RECORDS SUPPLIED:
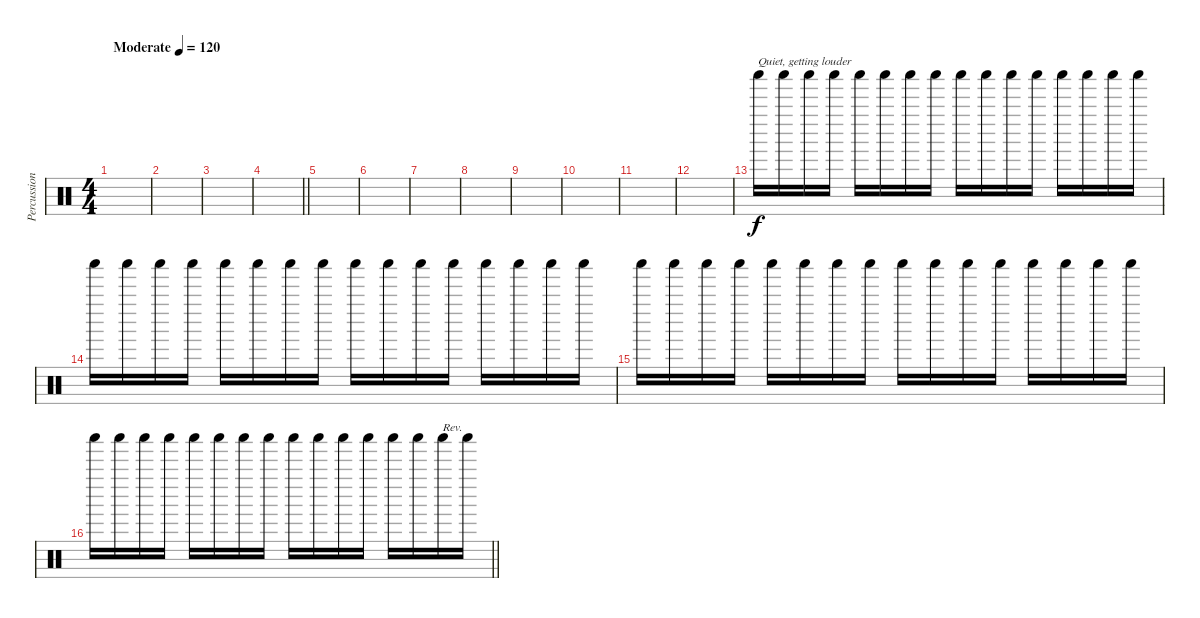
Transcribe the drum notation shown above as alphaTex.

\track ("Percussion" "Percussion") {instrument percussion}
\staff {score}
\articulation defaults
\ts (4 4)
\tempo (120 "Moderate")
\clef neutral
\ks c
|
|
|
\barLineRight lightlight
|
|
|
|
|
|
|
|
|
"Shaker (hit)".16{txt "Quiet, getting louder"} "Shaker (hit)".16 "Shaker (hit)".16 "Shaker (hit)".16 "Shaker (hit)".16 "Shaker (hit)".16 "Shaker (hit)".16 "Shaker (hit)".16 "Shaker (hit)".16 "Shaker (hit)".16 "Shaker (hit)".16 "Shaker (hit)".16 "Shaker (hit)".16 "Shaker (hit)".16 "Shaker (hit)".16 "Shaker (hit)".16 |
"Shaker (hit)".16 "Shaker (hit)".16 "Shaker (hit)".16 "Shaker (hit)".16 "Shaker (hit)".16 "Shaker (hit)".16 "Shaker (hit)".16 "Shaker (hit)".16 "Shaker (hit)".16 "Shaker (hit)".16 "Shaker (hit)".16 "Shaker (hit)".16 "Shaker (hit)".16 "Shaker (hit)".16 "Shaker (hit)".16 "Shaker (hit)".16 |
"Shaker (hit)".16 "Shaker (hit)".16 "Shaker (hit)".16 "Shaker (hit)".16 "Shaker (hit)".16 "Shaker (hit)".16 "Shaker (hit)".16 "Shaker (hit)".16 "Shaker (hit)".16 "Shaker (hit)".16 "Shaker (hit)".16 "Shaker (hit)".16 "Shaker (hit)".16 "Shaker (hit)".16 "Shaker (hit)".16 "Shaker (hit)".16 |
\barLineRight lightlight "Shaker (hit)".16 "Shaker (hit)".16 "Shaker (hit)".16 "Shaker (hit)".16 "Shaker (hit)".16 "Shaker (hit)".16 "Shaker (hit)".16 "Shaker (hit)".16 "Shaker (hit)".16 "Shaker (hit)".16 "Shaker (hit)".16 "Shaker (hit)".16 "Shaker (hit)".16 "Shaker (hit)".16 "Shaker (hit)".16{txt "Rev."} "Shaker (hit)".16

AIM OF THE EXERCISE:
Repeat the data above exactly, images excluded.

SOLUTION TO THIS EXERCISE:
Transcribe the drum notation shown above as alphaTex.

\track ("Percussion" "Percussion") {instrument percussion}
\staff {score}
\articulation defaults
\ts (4 4)
\tempo (120 "Moderate")
\clef neutral
\ks c
|
|
|
\barLineRight lightlight
|
|
|
|
|
|
|
|
|
"Shaker (hit)".16{txt "Quiet, getting louder"} "Shaker (hit)".16 "Shaker (hit)".16 "Shaker (hit)".16 "Shaker (hit)".16 "Shaker (hit)".16 "Shaker (hit)".16 "Shaker (hit)".16 "Shaker (hit)".16 "Shaker (hit)".16 "Shaker (hit)".16 "Shaker (hit)".16 "Shaker (hit)".16 "Shaker (hit)".16 "Shaker (hit)".16 "Shaker (hit)".16 |
"Shaker (hit)".16 "Shaker (hit)".16 "Shaker (hit)".16 "Shaker (hit)".16 "Shaker (hit)".16 "Shaker (hit)".16 "Shaker (hit)".16 "Shaker (hit)".16 "Shaker (hit)".16 "Shaker (hit)".16 "Shaker (hit)".16 "Shaker (hit)".16 "Shaker (hit)".16 "Shaker (hit)".16 "Shaker (hit)".16 "Shaker (hit)".16 |
"Shaker (hit)".16 "Shaker (hit)".16 "Shaker (hit)".16 "Shaker (hit)".16 "Shaker (hit)".16 "Shaker (hit)".16 "Shaker (hit)".16 "Shaker (hit)".16 "Shaker (hit)".16 "Shaker (hit)".16 "Shaker (hit)".16 "Shaker (hit)".16 "Shaker (hit)".16 "Shaker (hit)".16 "Shaker (hit)".16 "Shaker (hit)".16 |
\barLineRight lightlight "Shaker (hit)".16 "Shaker (hit)".16 "Shaker (hit)".16 "Shaker (hit)".16 "Shaker (hit)".16 "Shaker (hit)".16 "Shaker (hit)".16 "Shaker (hit)".16 "Shaker (hit)".16 "Shaker (hit)".16 "Shaker (hit)".16 "Shaker (hit)".16 "Shaker (hit)".16 "Shaker (hit)".16 "Shaker (hit)".16{txt "Rev."} "Shaker (hit)".16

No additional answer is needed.